如果不要用等待方式，我们能从零开始，制造全新客制化器官呢？

That’s the idea behind bioprinting, a branch of regenerative medicine currently under development.

那正是生物列印的理念，它是再生医学的一分支，目前正在发展中。

We’re not able to print complex organs just yet, but simpler tissues including blood vessels and tubes responsible for nutrient and waste exchange are already in our grasp.

我们尚无法列印复杂的器官，但简单的组织，例如血管或负责营养及废物交换的管道等，已有办法列印出。

Bioprinting is a biological cousin of 3-D printing, a technique that deposits layers of material on top of each other to construct a three-dimensional object one slice at a time.

生物列印和3D立体列印是相关的，是一种将材料层层叠加的技术，一次一层，建构出一个立体的物件。

Instead of starting with metal, plastic, or ceramic, a 3-D printer for organs and tissues uses bioink:a printable material that contains living cells.

不采用金属、塑胶或陶土等原料，器官及组织的3D立体列印机是用“生物墨水”：这是一种含有活体细胞的可列印物质。

The bulk of many bioinks are water-rich molecules called hydrogels.

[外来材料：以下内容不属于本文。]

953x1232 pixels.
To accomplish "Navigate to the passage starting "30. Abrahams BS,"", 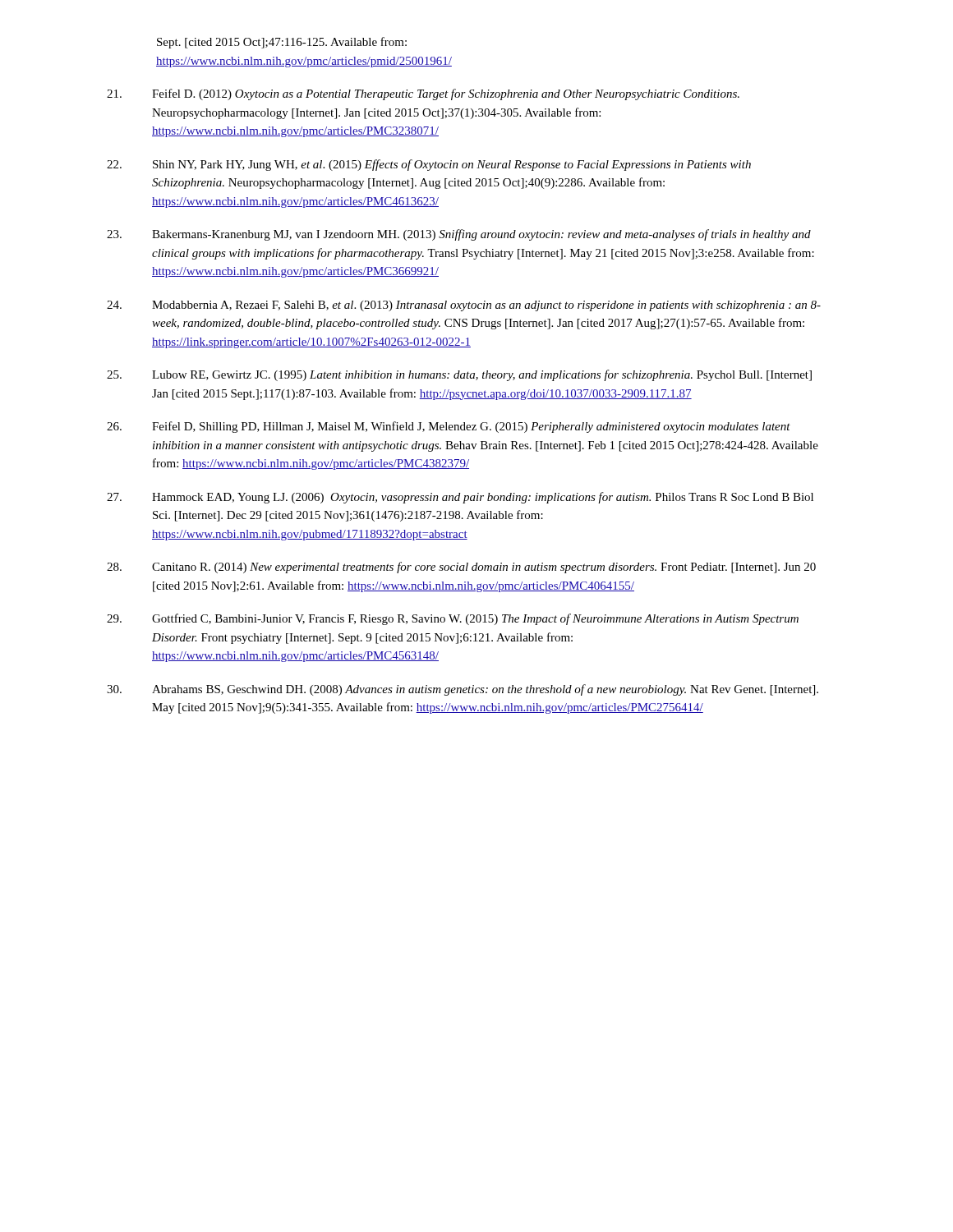I will [464, 698].

许多生物墨水的主要组成是富含水的物质──即“水凝胶”。

Mixed into those are millions of living cells as well as various chemicals that encourage cells to communicate and grow.

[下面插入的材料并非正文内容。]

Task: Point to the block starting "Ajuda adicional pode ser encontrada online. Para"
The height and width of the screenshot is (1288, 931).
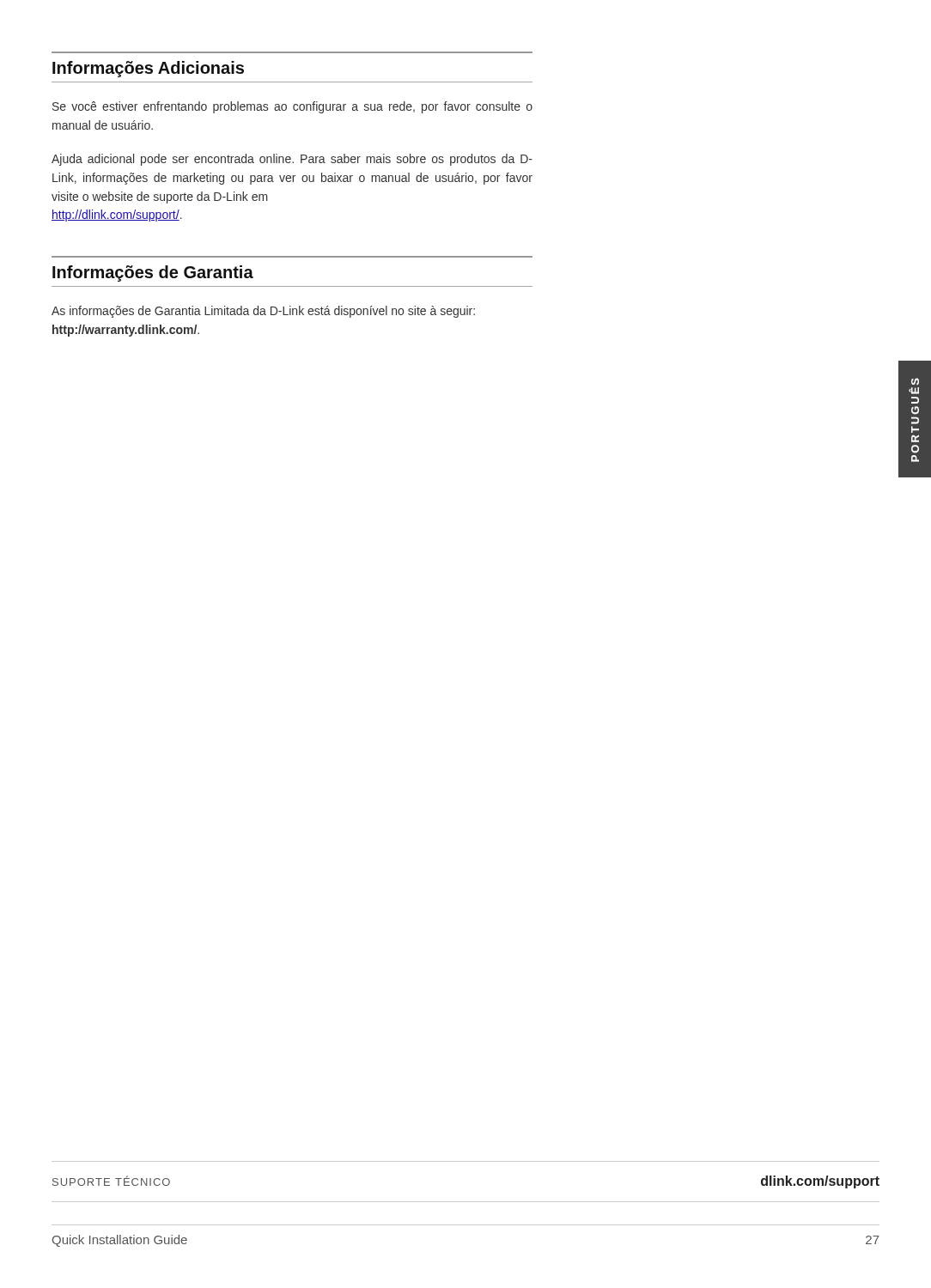Action: (x=292, y=187)

墨水混合著数百万的活体细胞和多种化学物质以刺激细胞交流及成长。

Some bioinks include a single type of cell, while others combine several different kinds to produce more complex structures.

有些生物墨水只含一种类型的细胞，而有些则结合多种细胞以制造较复杂的构造。

Let’s say you want to print a meniscus, which is a piece of cartilage in the knee that keeps the shinbone and thighbone from grinding against each other.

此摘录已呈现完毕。